Downloading: "https://download.pytorch.org/models/resnet18-f37072fd.pth" to /root/.cache/torch/hub/checkpoints/resnet18-f37072fd.pth
100%|██████████| 44.7M/44.7M [00:00<00:00, 148MB/s] 
  model_2.load_state_dict(torch.load(path_to_pretrained), strict=False)


<All keys matched successfully>

### 8. Retrain the Supervised Model with the Weights Obtained trough Pre-training

In [16]:
%%time
criterion = nn.CrossEntropyLoss()
optimizer = optim.Adam(model_1.parameters(), lr=0.001)

num_epochs = 20  
device = torch.device("cuda" if torch.cuda.is_available() else "cpu")
print('Device: ', device)
model_1.to(device)

for epoch in range(num_epochs):
    model_1.train()
    running_loss = 0.0
    for inputs, labels in train_loader:
        inputs, labels = inputs.to(device), labels.to(device)
        optimizer.zero_grad()
        outputs = model_1(inputs)
        loss = criterion(outputs, labels)
        loss.backward()
        optimizer.step()
        running_loss += loss.item()
    print(f"Epoch [{epoch + 1}/{num_epochs}] Loss: {running_loss / len(train_loader)}")

print("Training completed.")


Device:  cuda
Epoch [1/20] Loss: 1.161772913792554
Epoch [2/20] Loss: 0.7451676957163156
Epoch [3/20] Loss: 0.5213552676871711
Epoch [4/20] Loss: 0.44773638058526843
Epoch [5/20] Loss: 0.30860307169895546
Epoch [6/20] Loss: 0.24355591450105696
Epoch [7/20] Loss: 0.24272805711656226
Epoch [8/20] Loss: 0.2018017700380262
Epoch [9/20] Loss: 0.17227554308506204
Epoch [10/20] Loss: 0.12211893288893443
Epoch [11/20] Loss: 0.13374521726669342
Epoch [12/20] Loss: 0.08304232521000884
Epoch [13/20] Loss: 0.04813294818022234
Epoch [14/20] Loss: 0.08096590420737972
Epoch [15/20] Loss: 0.14850555443405813
Epoch [16/20] Loss: 0.0978841343255458
Epoch [17/20] Loss: 0.11204620728762273
Epoch [18/20] Loss: 0.06582138011478544
Epoch [19/20] Loss: 0.027853412582201188
Epoch [20/20] Loss: 0.03252619634640366
Training completed.
CPU times: user 15min 5s, sys: 24.7 s, total: 15min 29s
Wall time: 8min 35s


### 9. Test Again and Report Accuracy

In [17]:
model_1.eval()
all_preds = []
all_labels = []

with torch.no_grad():
    for inputs, labels in test_loader:
        inputs, labels = inputs.to(device), labels.to(device)
        outputs = model_1(inputs)
        _, preds = torch.max(outputs, 1)
        all_preds.extend(preds.cpu().numpy())
        all_labels.extend(labels.cpu().numpy())
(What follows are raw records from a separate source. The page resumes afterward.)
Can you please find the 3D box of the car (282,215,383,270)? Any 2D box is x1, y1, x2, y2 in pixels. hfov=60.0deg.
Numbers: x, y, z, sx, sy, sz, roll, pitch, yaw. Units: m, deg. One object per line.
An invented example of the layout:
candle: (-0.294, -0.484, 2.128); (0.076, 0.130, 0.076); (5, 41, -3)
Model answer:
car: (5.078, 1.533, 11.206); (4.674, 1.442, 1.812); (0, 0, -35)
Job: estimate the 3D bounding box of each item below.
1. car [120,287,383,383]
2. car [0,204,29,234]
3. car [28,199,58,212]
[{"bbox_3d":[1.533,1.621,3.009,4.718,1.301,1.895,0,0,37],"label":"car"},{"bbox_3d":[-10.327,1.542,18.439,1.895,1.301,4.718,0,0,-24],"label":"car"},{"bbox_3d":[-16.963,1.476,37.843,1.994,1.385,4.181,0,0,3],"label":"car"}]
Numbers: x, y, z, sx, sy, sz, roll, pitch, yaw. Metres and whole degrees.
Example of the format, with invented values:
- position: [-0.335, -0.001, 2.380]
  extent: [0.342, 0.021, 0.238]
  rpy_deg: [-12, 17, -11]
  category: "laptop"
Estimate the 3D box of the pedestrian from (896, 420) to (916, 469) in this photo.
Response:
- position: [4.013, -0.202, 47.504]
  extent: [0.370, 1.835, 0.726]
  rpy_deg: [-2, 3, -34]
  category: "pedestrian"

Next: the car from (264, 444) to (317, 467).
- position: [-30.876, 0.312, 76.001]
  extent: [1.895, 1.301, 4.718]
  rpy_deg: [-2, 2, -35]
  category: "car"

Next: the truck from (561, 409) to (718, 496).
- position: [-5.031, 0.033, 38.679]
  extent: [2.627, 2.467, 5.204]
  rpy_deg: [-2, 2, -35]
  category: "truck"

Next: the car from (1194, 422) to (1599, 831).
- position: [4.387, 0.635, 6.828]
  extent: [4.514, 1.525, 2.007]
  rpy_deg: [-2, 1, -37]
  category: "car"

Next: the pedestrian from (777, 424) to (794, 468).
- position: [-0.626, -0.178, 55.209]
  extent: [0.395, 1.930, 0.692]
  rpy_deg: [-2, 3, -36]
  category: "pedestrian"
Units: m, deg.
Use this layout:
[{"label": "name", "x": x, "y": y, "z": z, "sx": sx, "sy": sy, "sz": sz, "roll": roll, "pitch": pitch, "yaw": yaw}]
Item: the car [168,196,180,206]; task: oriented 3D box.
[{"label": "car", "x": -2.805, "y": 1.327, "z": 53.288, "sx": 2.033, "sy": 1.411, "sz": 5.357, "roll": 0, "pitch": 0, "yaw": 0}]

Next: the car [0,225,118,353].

accuracy_after_transfer_learning = np.mean(np.array(all_preds) == np.array(all_labels))
conf_matrix = confusion_matrix(all_labels, all_preds)
class_report = classification_report(all_labels, all_preds)

print(f"Accuracy: {accuracy_after_transfer_learning:.4f}")

Accuracy: 0.8313


### 10. Compare Accuracy Before and After Transfer Learning

In [31]:
print(f"Accuracy before Transfer Learning: {(accuracy_before_transfer_learning)*100:.0f}%")

print(f"Accuracy After  Transfer Learning: {(accuracy_after_transfer_learning)*100:.0f}%")


Accuracy before Transfer Learning: 51%
Accuracy After  Transfer Learning: 83%


In [33]:
improvement = (accuracy_before_transfer_learning/accuracy_after_transfer_learning)*100
print(f" The classification accuracy has been improved by {improvement:.0f}% thanks to pre-training using SimCLR while keeping the size of the labeled data unchanged.")

 The classification accuracy has been improved by 61% thanks to pre-training using SimCLR while keeping the size of the labeled data unchanged.